The problem -
Would you filter the listing below so that only lines with the word "object" remain?

Records shown -
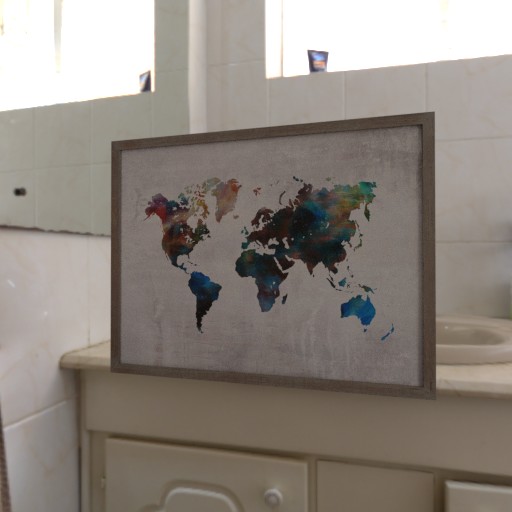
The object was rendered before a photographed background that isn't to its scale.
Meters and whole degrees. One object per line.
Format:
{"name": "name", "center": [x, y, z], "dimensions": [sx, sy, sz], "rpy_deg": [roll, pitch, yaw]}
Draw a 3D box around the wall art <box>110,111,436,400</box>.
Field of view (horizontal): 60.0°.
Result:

Exercise solution -
The object was rendered before a photographed background that isn't to its scale.
Meters and whole degrees. One object per line.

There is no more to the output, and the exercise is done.